Records provided START

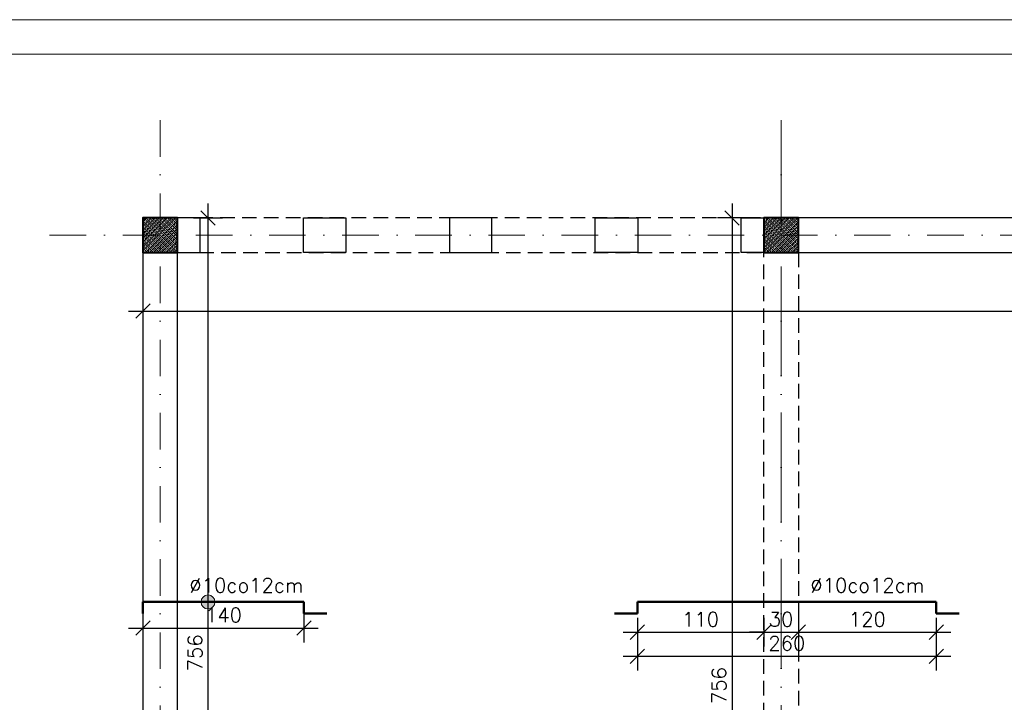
# Model space of a CAD drawing. Extents: x -19 to 9300416, y -12 to 10688993.
# Tile 24 of 106: x 4609538 to 4610394, y 5313588 to 5314181. Entities that reach past the tile are written whole.
import ezdxf

# ---------------------------------------------------------------- set-up
doc = ezdxf.new("R2010")
doc.units = 0
doc.header["$MEASUREMENT"] = 0
doc.linetypes.add('DASHDOT', pattern=[25.4, 12.7, -6.35, 0, -6.35])
doc.linetypes.add('DASHED', pattern=[19.05, 12.7, -6.35])
for name, color, linetype, lineweight in [('hatch', 253, 'Continuous', 0), ('K-BELKI', 5, 'DASHED', 30), ('K-OPISY', 252, 'Continuous', 15), ('K-SCIANY CIENKI', 163, 'Continuous', 30), ('K-SCIANY GRUBY', 195, 'Continuous', 40), ('K-STAL', 114, 'Continuous', 50), ('K-WIDOK', 45, 'Continuous', 20), ('K-WYMIARY', 7, 'Continuous', 15), ('Osie', 175, 'DASHDOT', 9)]:
    doc.layers.add(name, color=color, linetype=linetype, lineweight=lineweight)
doc.styles.add('Simplex', font='simplex.shx')
doc.dimstyles.new('1do50', dxfattribs={"dimscale": 5, "dimtxt": 2.5, "dimasz": 2.5, "dimexe": 2.5, "dimexo": 0.5, "dimgap": 1, "dimtad": 1, "dimdec": 1, "dimrnd": 0.5, "dimzin": 12, "dimdsep": 46, "dimtxsty": 'Simplex', "dimblk": 'OBLIQUE', "dimcen": 0.5, "dimdle": 2.5, "dimclrd": 256, "dimclre": 256, "dimclrt": 256, "dimadec": 1, "dimazin": 3, "dimtfac": 1, "dimtdec": 1, "dimtix": 1, "dimtmove": 0, "dimatfit": 3, "dimfxl": 0, "dimtolj": 1, "dimtzin": 0, "dimarcsym": 0})
pattern_1 = [(45, (9946341.4293, 635470.677), (-1.767766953, 1.767766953), []), (45, (9946343.197, 635470.677), (-1.767766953, 1.767766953), [1.25, -0.625])]

# ---------------------------------------------------------------- blocks, each defined once
blk = doc.blocks.new('G$C61CBF25F')
at = {"layer": 'Osie', "lineweight": 0, "ltscale": 2.5}
for p, q in [((1425, 0), (1425, 1880)), ((1525, 1780), (204.85, 1780)), ((1525, 1780), (204.85, 1780)), ((1525, 1240), (-5, 1240))]:
    blk.add_line(p, q, dxfattribs=at)
blk = doc.blocks.new('_Oblique')
at = {"color": 0, "linetype": 'ByBlock', "lineweight": -2}
blk.add_line((-0.5, -0.5), (0.5, 0.5), dxfattribs=at)
blk = doc.blocks.new('*D1090')
at = {"layer": 'Defpoints', "color": 0, "lineweight": 0, "ltscale": 40}
for p in [(4609645.04, 5314008.72), (4611355.04, 5314008.72), (4611355.04, 5313927.82)]:
    blk.add_point(p, dxfattribs=at)
at = {"layer": 'K-WYMIARY', "lineweight": -2, "ltscale": 40}
for p, q in [((4609645.04, 5313940.32), (4609645.04, 5313915.32)), ((4611355.04, 5313940.32), (4611355.04, 5313915.32)), ((4609632.54, 5313927.82), (4611367.54, 5313927.82))]:
    blk.add_line(p, q, dxfattribs=at)
at = {"layer": 'K-WYMIARY', "lineweight": -2, "ltscale": 40, "xscale": 12.5, "yscale": 12.5, "zscale": 12.5, "rotation": 180}
blk.add_blockref('_Oblique', (4609645.04, 5313927.82), dxfattribs=at)
at = {"layer": 'K-WYMIARY', "lineweight": -2, "ltscale": 40, "xscale": 12.5, "yscale": 12.5, "zscale": 12.5}
blk.add_blockref('_Oblique', (4611355.04, 5313927.82), dxfattribs=at)
at = {"layer": 'K-WYMIARY', "lineweight": 0, "ltscale": 40, "insert": (4610570.06, 5313939.07), "char_height": 12.5, "attachment_point": 5, "style": 'Simplex'}
blk.add_mtext('\\A1;1710', dxfattribs=at)
blk = doc.blocks.new('*D1093')
at = {"layer": 'Defpoints', "color": 0, "lineweight": 0, "ltscale": 40}
for p in [(4609645.04, 5314008.72), (4609701.62, 5314008.72), (4609831.04, 5313252.72)]:
    blk.add_point(p, dxfattribs=at)
at = {"layer": 'K-WYMIARY', "lineweight": -2, "ltscale": 40}
for p, q in [((4609701.62, 5313240.22), (4609701.62, 5314021.22)), ((4609689.12, 5314008.72), (4609714.12, 5314008.72)), ((4609714.12, 5313252.72), (4609689.12, 5313252.72))]:
    blk.add_line(p, q, dxfattribs=at)
at = {"layer": 'K-WYMIARY', "lineweight": -2, "ltscale": 40, "xscale": 12.5, "yscale": 12.5, "zscale": 12.5}
for p, rotation in [((4609701.62, 5314008.72), 90), ((4609701.62, 5313252.72), 270)]:
    blk.add_blockref('_Oblique', p, dxfattribs=dict(at, rotation=rotation))
at = {"layer": 'K-WYMIARY', "lineweight": 0, "ltscale": 40, "insert": (4609690.37, 5313630.72), "char_height": 12.5, "attachment_point": 5, "rotation": 90, "style": 'Simplex'}
blk.add_mtext('\\A1;756', dxfattribs=at)
blk = doc.blocks.new('*D1096')
at = {"layer": 'Defpoints', "color": 0, "lineweight": 0, "ltscale": 40}
for p in [(4610185.04, 5314008.72), (4610044.5, 5313252.72), (4610157.36, 5313252.72)]:
    blk.add_point(p, dxfattribs=at)
at = {"layer": 'K-WYMIARY', "lineweight": -2, "ltscale": 40}
for p, q in [((4610157.36, 5314021.22), (4610157.36, 5313240.22)), ((4610169.86, 5314008.72), (4610144.86, 5314008.72)), ((4610144.86, 5313252.72), (4610169.86, 5313252.72))]:
    blk.add_line(p, q, dxfattribs=at)
at = {"layer": 'K-WYMIARY', "lineweight": -2, "ltscale": 40, "xscale": 12.5, "yscale": 12.5, "zscale": 12.5}
for p, rotation in [((4610157.36, 5314008.72), 90), ((4610157.36, 5313252.72), 270)]:
    blk.add_blockref('_Oblique', p, dxfattribs=dict(at, rotation=rotation))
at = {"layer": 'K-WYMIARY', "lineweight": 0, "ltscale": 40, "insert": (4610146.11, 5313602.23), "char_height": 12.5, "attachment_point": 5, "rotation": 90, "style": 'Simplex'}
blk.add_mtext('\\A1;756', dxfattribs=at)
blk = doc.blocks.new('*D1115')
at = {"layer": 'Defpoints', "color": 0, "lineweight": 0, "ltscale": 40}
for p in [(4610075.04, 5313674.96), (4610185.04, 5313674.96), (4610185.04, 5313648.72)]:
    blk.add_point(p, dxfattribs=at)
at = {"layer": 'K-WYMIARY', "lineweight": -2, "ltscale": 40}
for p, q in [((4610075.04, 5313661.22), (4610075.04, 5313636.22)), ((4610185.04, 5313661.22), (4610185.04, 5313636.22)), ((4610062.54, 5313648.72), (4610197.54, 5313648.72))]:
    blk.add_line(p, q, dxfattribs=at)
at = {"layer": 'K-WYMIARY', "lineweight": -2, "ltscale": 40, "xscale": 12.5, "yscale": 12.5, "zscale": 12.5, "rotation": 180}
blk.add_blockref('_Oblique', (4610075.04, 5313648.72), dxfattribs=at)
at = {"layer": 'K-WYMIARY', "lineweight": -2, "ltscale": 40, "xscale": 12.5, "yscale": 12.5, "zscale": 12.5}
blk.add_blockref('_Oblique', (4610185.04, 5313648.72), dxfattribs=at)
at = {"layer": 'K-WYMIARY', "lineweight": 0, "ltscale": 40, "insert": (4610130.04, 5313659.97), "char_height": 12.5, "attachment_point": 5, "style": 'Simplex'}
blk.add_mtext('\\A1;110', dxfattribs=at)
blk = doc.blocks.new('*D1116')
at = {"layer": 'Defpoints', "color": 0, "lineweight": 0, "ltscale": 40}
for p in [(4610185.04, 5313674.96), (4610215.04, 5313674.96), (4610215.04, 5313648.72)]:
    blk.add_point(p, dxfattribs=at)
at = {"layer": 'K-WYMIARY', "lineweight": -2, "ltscale": 40}
for p, q in [((4610185.04, 5313661.22), (4610185.04, 5313636.22)), ((4610215.04, 5313661.22), (4610215.04, 5313636.22)), ((4610185.04, 5313648.72), (4610172.54, 5313648.72)), ((4610185.04, 5313648.72), (4610215.04, 5313648.72)), ((4610215.04, 5313648.72), (4610227.54, 5313648.72))]:
    blk.add_line(p, q, dxfattribs=at)
at = {"layer": 'K-WYMIARY', "lineweight": -2, "ltscale": 40, "xscale": 12.5, "yscale": 12.5, "zscale": 12.5}
blk.add_blockref('_Oblique', (4610185.04, 5313648.72), dxfattribs=at)
at = {"layer": 'K-WYMIARY', "lineweight": -2, "ltscale": 40, "xscale": 12.5, "yscale": 12.5, "zscale": 12.5, "rotation": 180}
blk.add_blockref('_Oblique', (4610215.04, 5313648.72), dxfattribs=at)
at = {"layer": 'K-WYMIARY', "lineweight": 0, "ltscale": 40, "insert": (4610200.04, 5313659.97), "char_height": 12.5, "attachment_point": 5, "style": 'Simplex'}
blk.add_mtext('\\A1;30', dxfattribs=at)
blk = doc.blocks.new('*D1117')
at = {"layer": 'Defpoints', "color": 0, "lineweight": 0, "ltscale": 40}
for p in [(4610215.04, 5313674.96), (4610335.04, 5313674.96), (4610335.04, 5313648.72)]:
    blk.add_point(p, dxfattribs=at)
at = {"layer": 'K-WYMIARY', "lineweight": -2, "ltscale": 40}
for p, q in [((4610215.04, 5313661.22), (4610215.04, 5313636.22)), ((4610335.04, 5313661.22), (4610335.04, 5313636.22)), ((4610202.54, 5313648.72), (4610347.54, 5313648.72))]:
    blk.add_line(p, q, dxfattribs=at)
at = {"layer": 'K-WYMIARY', "lineweight": -2, "ltscale": 40, "xscale": 12.5, "yscale": 12.5, "zscale": 12.5, "rotation": 180}
blk.add_blockref('_Oblique', (4610215.04, 5313648.72), dxfattribs=at)
at = {"layer": 'K-WYMIARY', "lineweight": -2, "ltscale": 40, "xscale": 12.5, "yscale": 12.5, "zscale": 12.5}
blk.add_blockref('_Oblique', (4610335.04, 5313648.72), dxfattribs=at)
at = {"layer": 'K-WYMIARY', "lineweight": 0, "ltscale": 40, "insert": (4610275.04, 5313659.97), "char_height": 12.5, "attachment_point": 5, "style": 'Simplex'}
blk.add_mtext('\\A1;120', dxfattribs=at)
blk = doc.blocks.new('*D1118')
at = {"layer": 'Defpoints', "color": 0, "lineweight": 0, "ltscale": 40}
for p in [(4610075.04, 5313674.96), (4610335.04, 5313674.96), (4610335.04, 5313627.79)]:
    blk.add_point(p, dxfattribs=at)
at = {"layer": 'K-WYMIARY', "lineweight": -2, "ltscale": 40}
for p, q in [((4610075.04, 5313640.29), (4610075.04, 5313615.29)), ((4610335.04, 5313640.29), (4610335.04, 5313615.29)), ((4610062.54, 5313627.79), (4610347.54, 5313627.79))]:
    blk.add_line(p, q, dxfattribs=at)
at = {"layer": 'K-WYMIARY', "lineweight": -2, "ltscale": 40, "xscale": 12.5, "yscale": 12.5, "zscale": 12.5, "rotation": 180}
blk.add_blockref('_Oblique', (4610075.04, 5313627.79), dxfattribs=at)
at = {"layer": 'K-WYMIARY', "lineweight": -2, "ltscale": 40, "xscale": 12.5, "yscale": 12.5, "zscale": 12.5}
blk.add_blockref('_Oblique', (4610335.04, 5313627.79), dxfattribs=at)
at = {"layer": 'K-WYMIARY', "lineweight": 0, "ltscale": 40, "insert": (4610205.04, 5313639.04), "char_height": 12.5, "attachment_point": 5, "style": 'Simplex'}
blk.add_mtext('\\A1;260', dxfattribs=at)
blk = doc.blocks.new('*D1119')
at = {"layer": 'Defpoints', "color": 0, "lineweight": 0, "ltscale": 40}
for p in [(4609645.04, 5313674.96), (4609785.04, 5313674.96), (4609785.04, 5313652.32)]:
    blk.add_point(p, dxfattribs=at)
at = {"layer": 'K-WYMIARY', "lineweight": -2, "ltscale": 40}
for p, q in [((4609645.04, 5313664.82), (4609645.04, 5313639.82)), ((4609785.04, 5313664.82), (4609785.04, 5313639.82)), ((4609632.54, 5313652.32), (4609797.54, 5313652.32))]:
    blk.add_line(p, q, dxfattribs=at)
at = {"layer": 'K-WYMIARY', "lineweight": -2, "ltscale": 40, "xscale": 12.5, "yscale": 12.5, "zscale": 12.5, "rotation": 180}
blk.add_blockref('_Oblique', (4609645.04, 5313652.32), dxfattribs=at)
at = {"layer": 'K-WYMIARY', "lineweight": -2, "ltscale": 40, "xscale": 12.5, "yscale": 12.5, "zscale": 12.5}
blk.add_blockref('_Oblique', (4609785.04, 5313652.32), dxfattribs=at)
at = {"layer": 'K-WYMIARY', "lineweight": 0, "ltscale": 40, "insert": (4609715.04, 5313663.57), "char_height": 12.5, "attachment_point": 5, "style": 'Simplex'}
blk.add_mtext('\\A1;140', dxfattribs=at)

msp = doc.modelspace()

# ---------------------------------------------------------------- hatches: boundary and pattern name
at = {"layer": 'K-OPISY'}
h = msp.add_hatch(color=256, dxfattribs=at)
edge = h.paths.add_edge_path()
edge.add_arc((4609701.62, 5313674.96), 6.06, 0, 360)
at = {"layer": 'K-WIDOK', "linetype": 'Continuous', "lineweight": 0}
h = msp.add_hatch(dxfattribs=at)
h.set_pattern_fill('ANSI33', color=256, scale=10, angle=360)
h.set_pattern_definition(pattern_1)
h.paths.add_polyline_path([(4609675.04, 5313978.72), (4609675.04, 5314008.72), (4609645.04, 5314008.72), (4609645.04, 5313978.72)])
h = msp.add_hatch(dxfattribs=at)
h.set_pattern_fill('ANSI33', color=256, scale=10, angle=360)
h.set_pattern_definition(pattern_1)
h.paths.add_polyline_path([(4610215.04, 5313978.72), (4610215.04, 5314008.72), (4610185.04, 5314008.72), (4610185.04, 5313978.72)])

# ---------------------------------------------------------------- linework, layer by layer
at = {"layer": 'hatch', "color": 252}
for points in [[(4608588.61, 5314180.97), (4611558.61, 5314181.03), (4611558.61, 5312081.03), (4608588.61, 5312080.97)], [(4608748.61, 5312110.97), (4611528.61, 5312111.03), (4611528.61, 5314151.03), (4608748.61, 5314150.97)]]:
    msp.add_lwpolyline(points, close=True, dxfattribs=at)
at = {"layer": 'K-BELKI'}
for points in [[(4611325.04, 5313978.72), (4611325.04, 5314008.72), (4609675.04, 5314008.72), (4609675.04, 5313978.72)], [(4609645.04, 5313978.72), (4609645.04, 5312888.72), (4609675.04, 5312888.72), (4609675.04, 5313978.72)], [(4610185.04, 5312888.72), (4610185.04, 5313978.72), (4610215.04, 5313978.72), (4610215.04, 5312888.72)]]:
    msp.add_lwpolyline(points, close=True, dxfattribs=at)
at = {"layer": 'K-OPISY'}
msp.add_circle((4609701.62, 5313674.96), 6.06, dxfattribs=at)
at = {"layer": 'K-SCIANY CIENKI'}
for points in [[(4609694.79, 5313978.72), (4609694.79, 5314008.72), (4609675.04, 5314008.72), (4609675.04, 5313978.72)], [(4609784.79, 5313978.72), (4609784.79, 5314008.72), (4609821.62, 5314008.72), (4609821.62, 5313978.72)], [(4609948.45, 5313978.72), (4609948.45, 5314008.72), (4609911.62, 5314008.72), (4609911.62, 5313978.72)], [(4610038.45, 5313978.72), (4610038.45, 5314008.72), (4610075.29, 5314008.72), (4610075.29, 5313978.72)], [(4610165.29, 5313978.72), (4610165.29, 5314008.72), (4610185.04, 5314008.72), (4610185.04, 5313978.72)], [(4610785.04, 5313978.72), (4610785.04, 5314008.72), (4610215.04, 5314008.72), (4610215.04, 5313978.72)]]:
    msp.add_lwpolyline(points, close=True, dxfattribs=at)
msp.add_lwpolyline([(4609675.04, 5313568.72), (4609675.04, 5313978.72), (4609645.04, 5313978.72), (4609645.04, 5313568.72)], dxfattribs=at)
at = {"layer": 'K-SCIANY GRUBY'}
for points in [[(4609675.04, 5313978.72), (4609675.04, 5314008.72), (4609645.04, 5314008.72), (4609645.04, 5313978.72)], [(4610215.04, 5313978.72), (4610215.04, 5314008.72), (4610185.04, 5314008.72), (4610185.04, 5313978.72)]]:
    msp.add_lwpolyline(points, close=True, dxfattribs=at)
at = {"layer": 'K-STAL'}
for p, q in [((4609785.04, 5313674.96), (4609785.04, 5313664.96)), ((4610075.04, 5313674.96), (4610075.04, 5313664.96)), ((4610335.04, 5313674.96), (4610335.04, 5313664.96)), ((4609785.04, 5313664.96), (4609805.04, 5313664.96)), ((4610075.04, 5313664.96), (4610055.04, 5313664.96)), ((4610335.04, 5313664.96), (4610355.04, 5313664.96))]:
    msp.add_line(p, q, dxfattribs=at)
for points in [[(4609645.04, 5313674.96), (4609785.04, 5313674.96)], [(4609645.04, 5313674.96), (4609645.04, 5313664.96)], [(4610075.04, 5313674.96), (4610335.04, 5313674.96)]]:
    msp.add_lwpolyline(points, dxfattribs=at)
at = {"layer": 'Osie', "lineweight": 0, "ltscale": 5}
msp.add_line((4610200.04, 5314093.72), (4610200.04, 5312773.56), dxfattribs=at)
msp.add_line((4610200.04, 5314093.72), (4610200.04, 5312773.56), dxfattribs=at)

# ---------------------------------------------------------------- block references
at = {"lineweight": 0, "ltscale": 40, "rotation": 90}
msp.add_blockref('G$C61CBF25F', (4611440.04, 5312568.72), dxfattribs=at)

# ---------------------------------------------------------------- texts
at = {"layer": 'K-OPISY', "char_height": 12.5, "attachment_point": 9, "style": 'Simplex'}
for insert in [(4609784.57, 5313683.17), (4610324.57, 5313683.17)]:
    msp.add_mtext('{\\C7;%%C10co12cm}', dxfattribs=dict(at, insert=insert))

# ---------------------------------------------------------------- dimensions: what is measured, and where the dimension line sits
at = {"layer": 'K-WYMIARY', "lineweight": 0, "ltscale": 40}
dim = msp.add_linear_dim(base=(4609701.62, 5314008.72), p1=(4609831.04, 5313252.72), p2=(4609645.04, 5314008.72), angle=90, dimstyle='1do50', override={"dimtmove": 1}, dxfattribs=at)
dim.commit()
dim.dimension.update_dxf_attribs({"geometry": '*D1093', "text_midpoint": (4609690.37, 5313630.72)})
dim = msp.add_linear_dim(base=(4610157.36, 5313252.72), p1=(4610185.04, 5314008.72), p2=(4610044.5, 5313252.72), angle=90, dimstyle='1do50', dxfattribs=at)
dim.commit()
dim.dimension.update_dxf_attribs({"geometry": '*D1096', "text_midpoint": (4610157.36, 5313602.23), "dimtype": 160})
dim = msp.add_linear_dim(base=(4611355.04, 5313927.82), p1=(4609645.04, 5314008.72), p2=(4611355.04, 5314008.72), dimstyle='1do50', override={"dimtmove": 1}, dxfattribs=at)
dim.commit()
dim.dimension.update_dxf_attribs({"geometry": '*D1090', "text_midpoint": (4610570.06, 5313927.82), "dimtype": 160})
for base, p1, p2, picture, middle in [((4609785.04, 5313652.32), (4609645.04, 5313674.96), (4609785.04, 5313674.96), '*D1119', (4609715.04, 5313663.57)), ((4610185.04, 5313648.72), (4610075.04, 5313674.96), (4610185.04, 5313674.96), '*D1115', (4610130.04, 5313659.97)), ((4610335.04, 5313627.79), (4610075.04, 5313674.96), (4610335.04, 5313674.96), '*D1118', (4610205.04, 5313639.04))]:
    dim = msp.add_linear_dim(base=base, p1=p1, p2=p2, dimstyle='1do50', dxfattribs=at)
    dim.commit()
    dim.dimension.update_dxf_attribs({"geometry": picture, "text_midpoint": middle})
for base, p1, p2, picture, middle in [((4610215.04, 5313648.72), (4610185.04, 5313674.96), (4610215.04, 5313674.96), '*D1116', (4610200.04, 5313659.97)), ((4610335.04, 5313648.72), (4610215.04, 5313674.96), (4610335.04, 5313674.96), '*D1117', (4610275.04, 5313659.97))]:
    dim = msp.add_linear_dim(base=base, p1=p1, p2=p2, dimstyle='1do50', override={"dimtmove": 1}, dxfattribs=at)
    dim.commit()
    dim.dimension.update_dxf_attribs({"geometry": picture, "text_midpoint": middle})

doc.saveas('drawing.dxf')

Records provided END

** Requirement **
Please tally every line of the material above that has the string "Continuous", and write only the total.

** Reply to the task **
2